Coding for tommorrow incomplete file
The recipe of coding for tomorrow has been successful but the file in dev library is incomplete, all internal links are not clickable. https://farm.openzim.org/recipes/codingfortomorrow_de_all
https://dev.library.kiwix.org/viewer#codingfortomorrow_de_all_2023-08/A/coding-for-tomorrow.de/downloads/
Can you check please?
Clicking on a download link, you get an error message:
Sorry, the url https://coding-for-tomorrow.de/wp-content/uploads/2020/11/Informationen-zum-neuen-Online-Angebot-von-Coding-For-Tomorrow.pdf is not found on this server
As you can see, this URL doesn't share the same prefix as the URL of the recipe (https://coding-for-tomorrow.de/wp-content is not within https://coding-for-tomorrow.de/downloads/). You need to change the scope to allow scraping such URLs
@rgaudin I tried to change the scope to Any, page, prefix and still the resulted file is the same. Could you please let me know in scope parameter which one shall I use?

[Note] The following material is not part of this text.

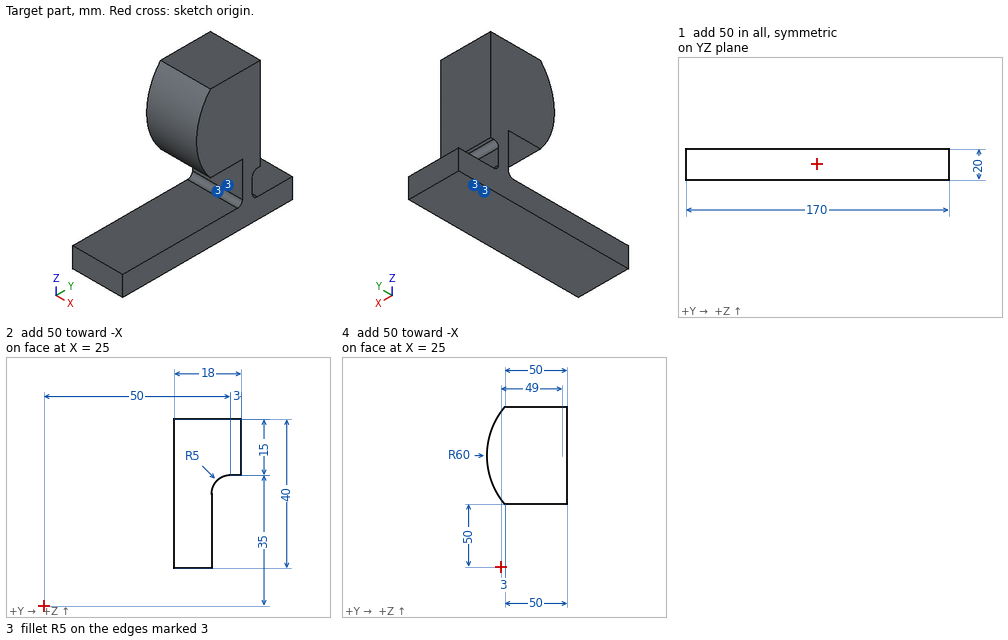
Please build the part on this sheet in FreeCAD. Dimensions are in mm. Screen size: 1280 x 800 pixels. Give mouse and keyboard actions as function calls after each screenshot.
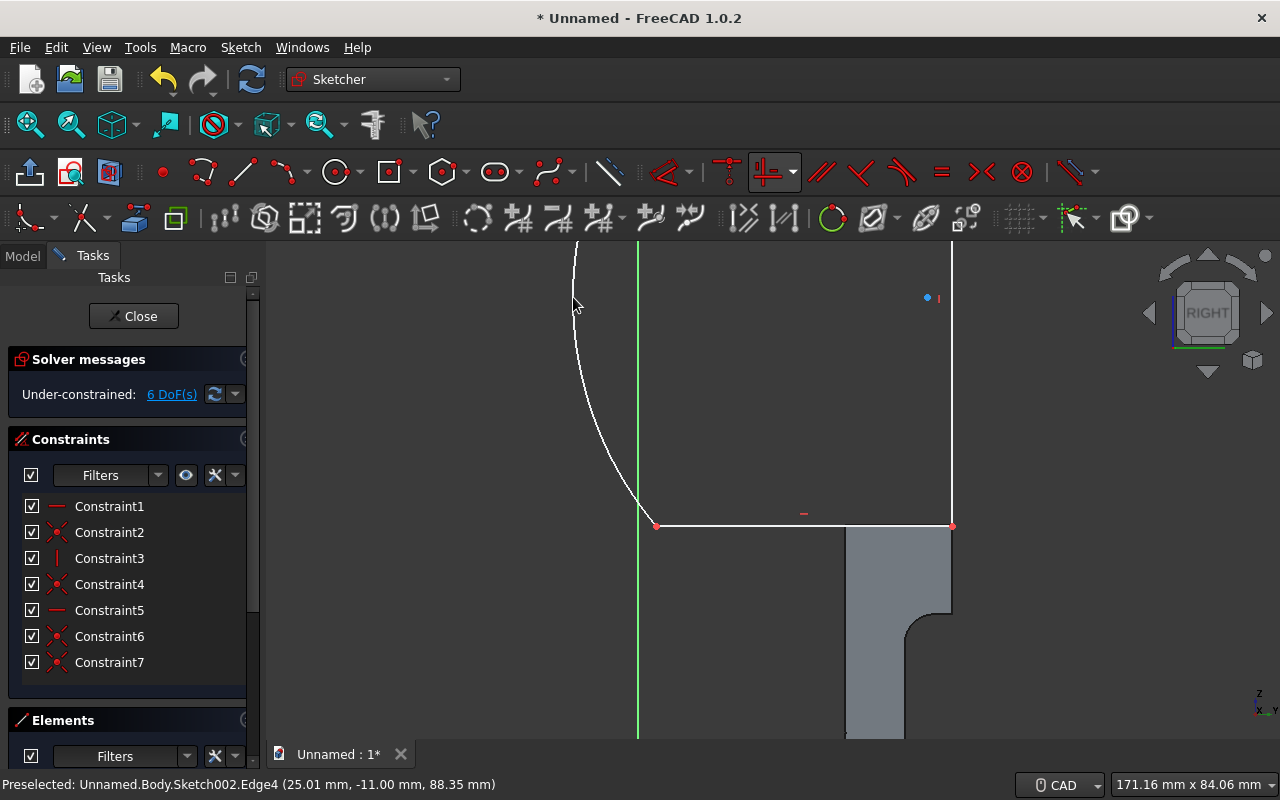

That's exactly why some documentation is needed. All those scopes have different effects.
You haven't tested Any and that's good. I'd strongly advise against it as it would crawl anything. prefix is the default and page is somewhat similar.
I advise you try with host (will grab anything under coding-for-tomorrow.de) and see how that goes. I think often times, custom is appropriate but it requires specifying includes and excludes which is very tedious.
There's no documentation on those scopes ; code is at https://github.com/webrecorder/browsertrix-crawler/blob/165a9787af8a7dce6b0acb5f91e6803ef525fd5b/util/seeds.js#L75
I tried changing the scopes, the host scraped the website but without the needed projects can you check please? https://farm.openzim.org/recipes/codingfortomorrow_de_all
I disabled the recipe and marked the resulted file for deletion
Now that the URL configured is https://coding-for-tomorrow.de, what did you expected by changing the scope from the default (prefix) to host?
-
prefixscope will retrieve everything in the same directory so everything in https://coding-for-tomorrow.de -
hostscope will retrieve everything on the same host so everything in https://coding-for-tomorrow.de
I don't get what you expected by making this change.
That being said, I analyzed a bit the issue:
- the new URL setting and the scope (prefix or host would have worked the same) have allowed to retrieve all content in "downloads" subfolder (which was your initial problem and is now solved)
- you have a second issue (which has most probably always been present) that you mentioned last Thursday that all projects are missing on https://dev.library.kiwix.org/content/codingfortomorrow_de_all_2023-11/A/coding-for-tomorrow.de/unterrichtsmaterial/ for instance ; when you click on "Projektideen anzeigen" you see the list of projects but you cannot open any of them ; this might be solved by a custom behavior as suggested by Browsertrix team in https://github.com/openzim/zimit/issues/247
- I also noticed a third issue in the same page where the icon disappear when you hover the "Projektideen anzeigen" ; probably solvable by a custom behavior again
- I also noticed a fourth issue which is that most (all ?) Youtube videos embedded in projects are not accessible
- E.g. in https://dev.library.kiwix.org/content/codingfortomorrow_de_all_2023-11/A/coding-for-tomorrow.de/fake-news-erkennen/ the video is not accessible while it is accessible on https://coding-for-tomorrow.de/fake-news-erkennen/
- I'm not sure we can solve this
All that being said, as you see there is a significant effort needed by a developer to make the scraping of this website be enhanced, and I'm not even sure it will succeed (at least there is a significant chance that stuff like the Youtube videos will not be available).
@Popolechien what are your views on this, do you think this is worth the effort?
It's in German, not a core target audience. We can drop it I think.
The issue related is marked as upstream https://github.com/openzim/zim-requests/issues/460
Let's keep this issue open, I doubt we will make any progress in the coming months due to lack of resources but the ZIM request is legit, I've identified a potential solution and we should fix this at some point, it is not purely impossible or an immense effort, just not a priority for now.